When language habitually separates humans from our labour through passive constructions and nominalisation, it naturalises the value of ‘productivity and efficiency’ as abstract imperatives divorced from human experience. Workers are linguistically transformed into resources that should maximise our output, rather than creative beings engaged in … any kind of activity. The grammatical distancing mirrors and strengthens the ideological distancing required to view humans primarily as productive units. Moreover, the externalisation of emotions in English (“anger overtook me”) linguistically reinforces the value of rational self-interest by framing emotions as disruptive external forces to be controlled or suppressed rather than integral aspects of decision-making. This supports the capitalist ideal of the worker as a rational calculator unswayed by emotional considerations. Similarly, the subject-object distinction in English grammar reflects and reinforces contractual integrity as a value that requires clear boundaries between parties. This linguistic structure facilitates thinking about labour relationships as transactions between separate entities rather than collaborative human endeavours.

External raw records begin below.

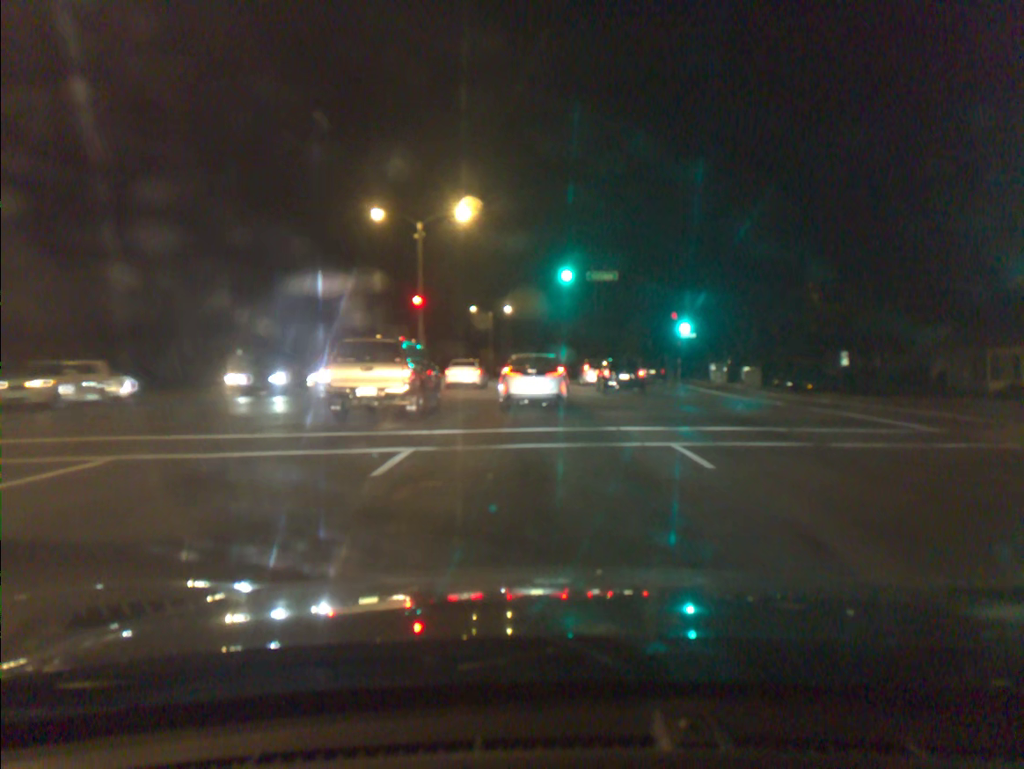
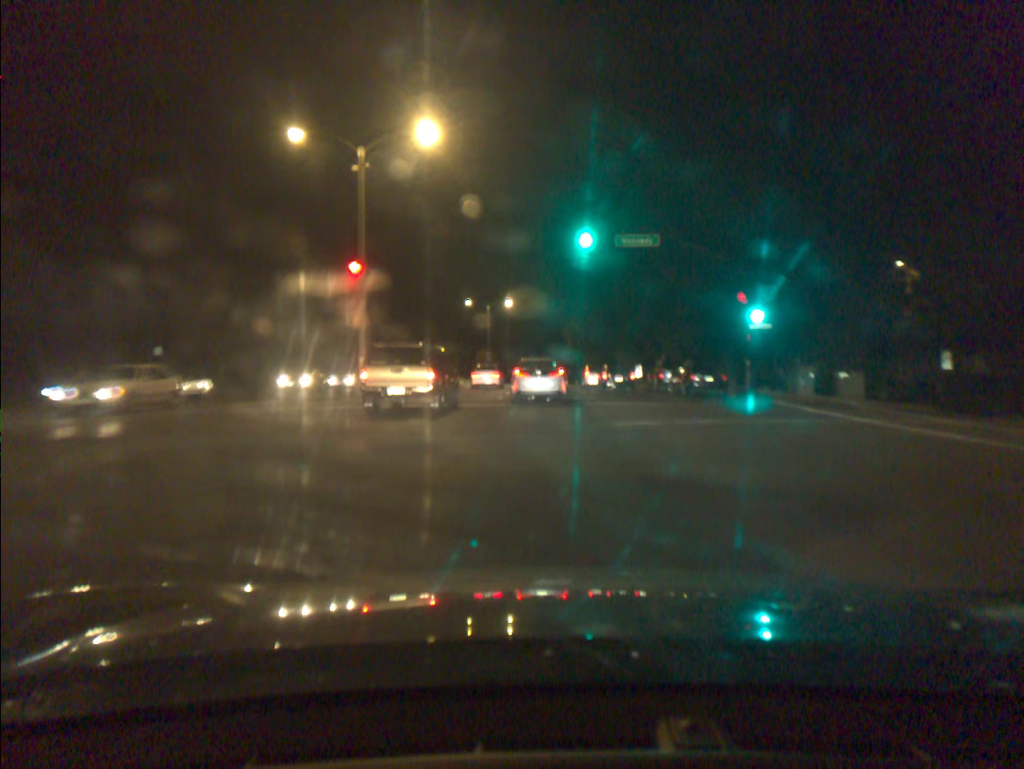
(-0.1, +14.0) m; -1°
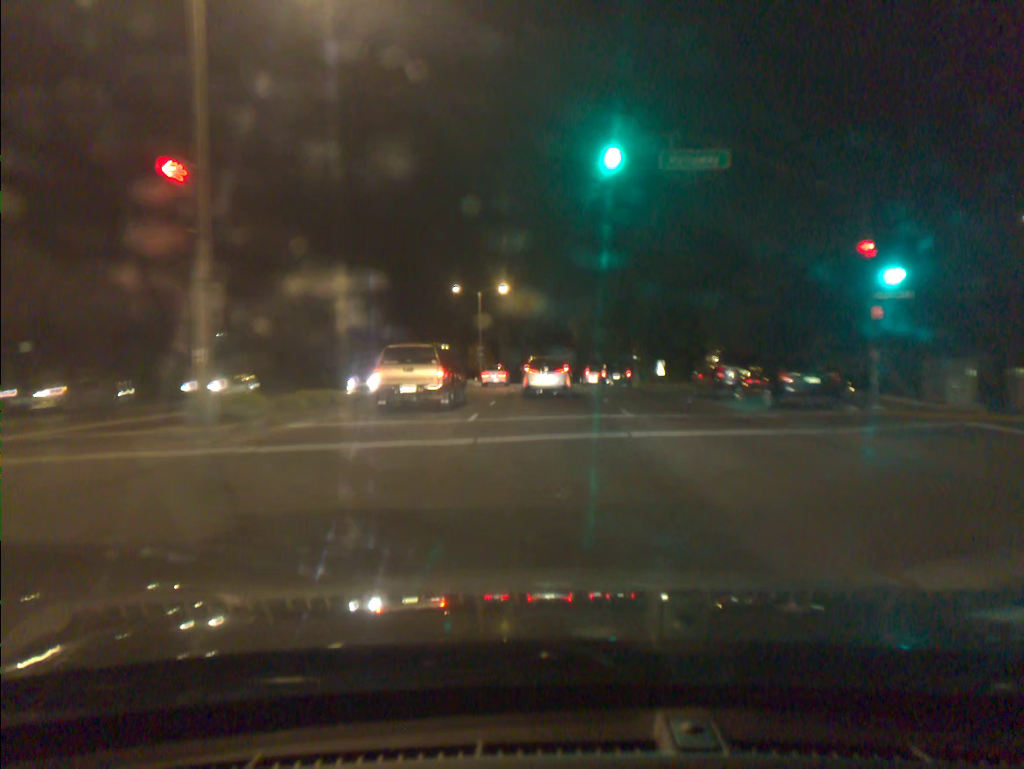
(0.0, +12.3) m; 0°
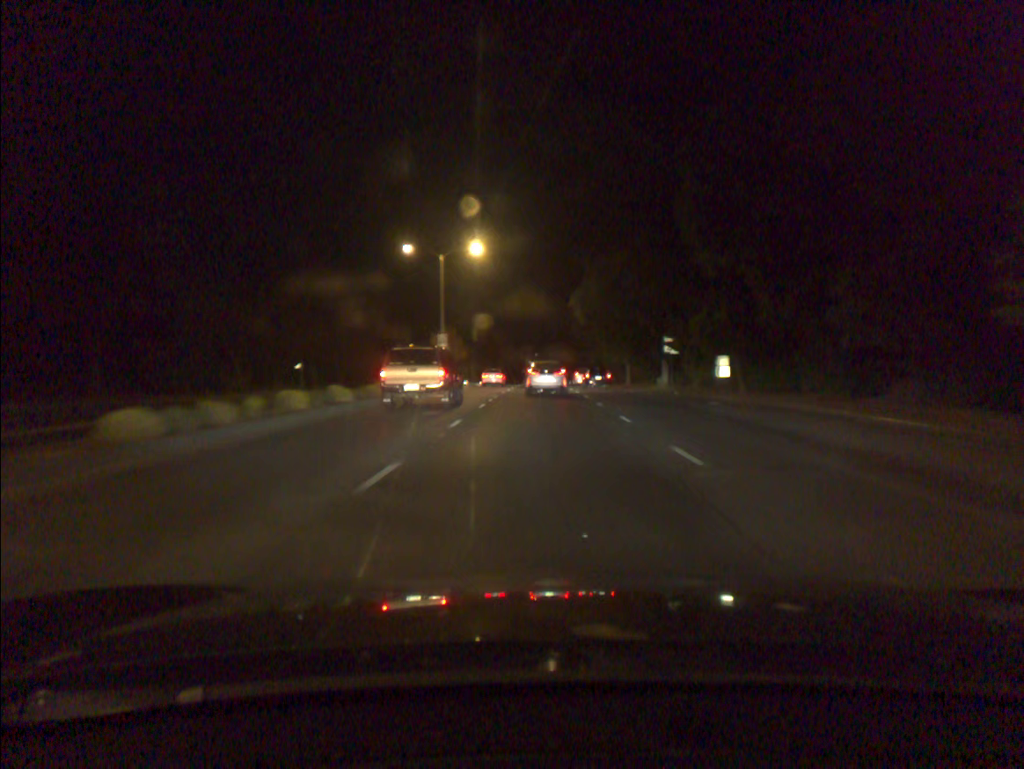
(+0.1, +22.3) m; +1°
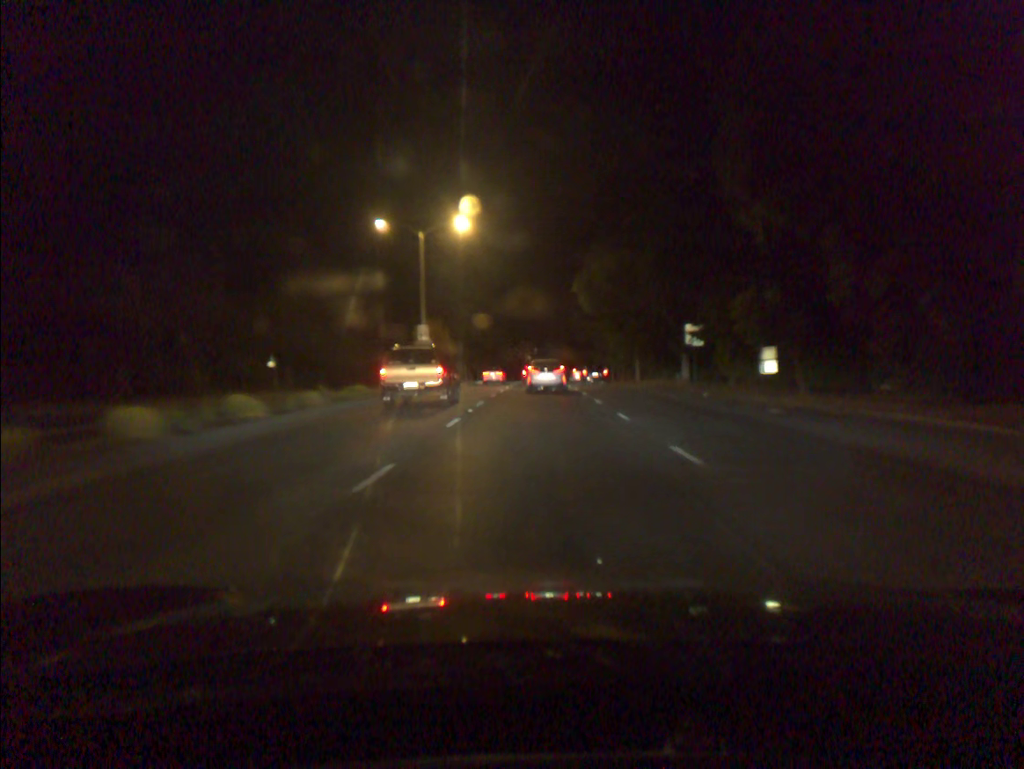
(0.0, +7.4) m; 0°
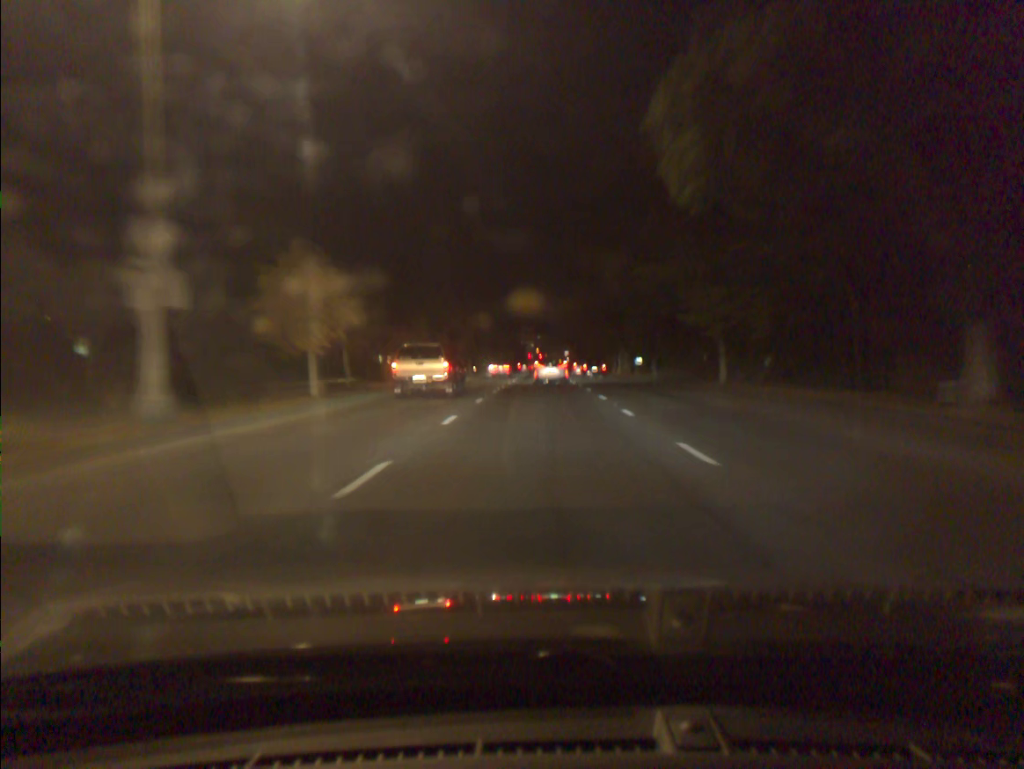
(0.0, +29.7) m; 0°
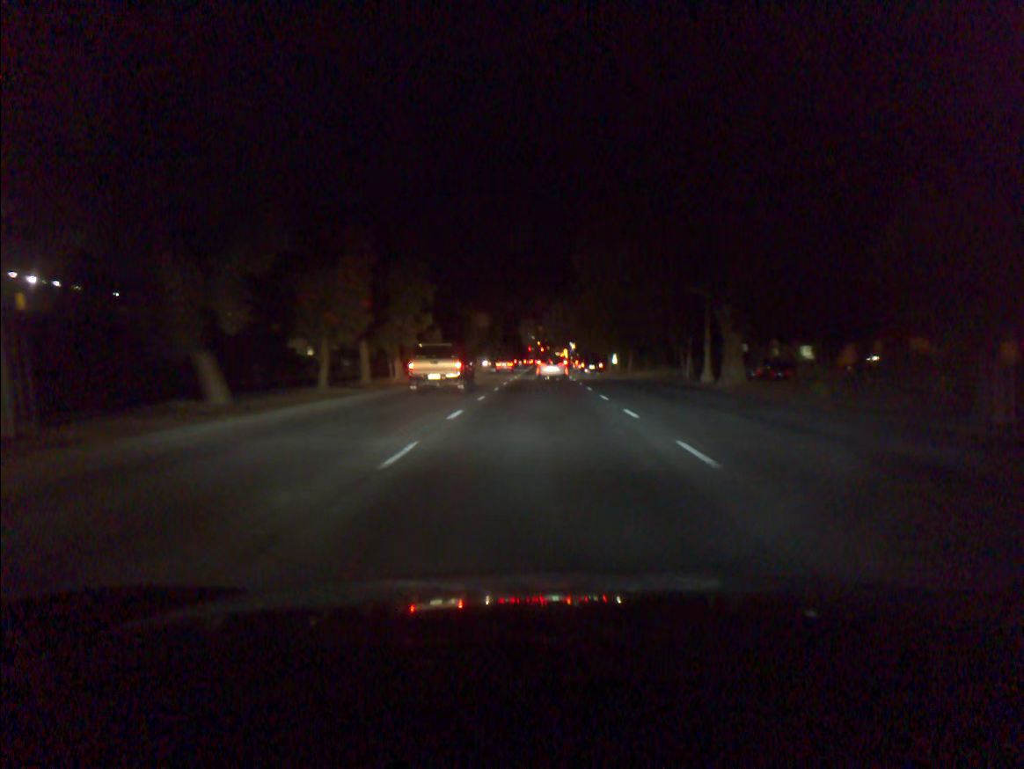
(0.0, +42.6) m; 0°

Under an authoritarian turn, these linguistic patterns become even more significant. As language increasingly obscures human agency in economic processes, it becomes easier to demand personal responsibility from workers while denying us power. The conceptual separation enabled by language makes it possible to maintain contradictory expectations – workers bear all responsibility for outcomes while having minimal control over conditions, precisely because our linguistic structures allow us to conceptualise labour apart from labourers.
But let’s not collapse into language, or despair, we have an opportunity through language to change things.
Resistance to capitalism’s values emerges primarily from the body. Bold claim, ey. This is the site where productivity demands, emotional management, and contractual obligations are most acutely felt and most persistently contested – in our very bodies. The embodied subject refuses complete reduction to economic utility through (even small) practices of defiance. Choosing rest despite productivity imperatives, experiencing emotions that disrupt rational calculation, or creating physical spaces where different values can flourish, for instance. This resistance operates linguistically when we deliberately restructure our speech to foreground human agency, replacing passive constructions with active declarations of collective power. “We built this” instead of “this was built” – naming and actively centring agency in language as an act of political assertion, and not a particularly hard one at that. Similarly, we might honour embodied temporality (hunger, fatigue, desire, illness) that follow organics which are incompatible with capitalist time, this can constitute a temporal rebellion against the demand for constant acceleration. Our bodies here might become a site where alternative values can be physically enacted through practices which capitalism cannot easily recuperate, for instance shared joy without consumption, communal pleasure requiring no purchase, or collective grief that builds solidarity rather than isolation. Hello resistance.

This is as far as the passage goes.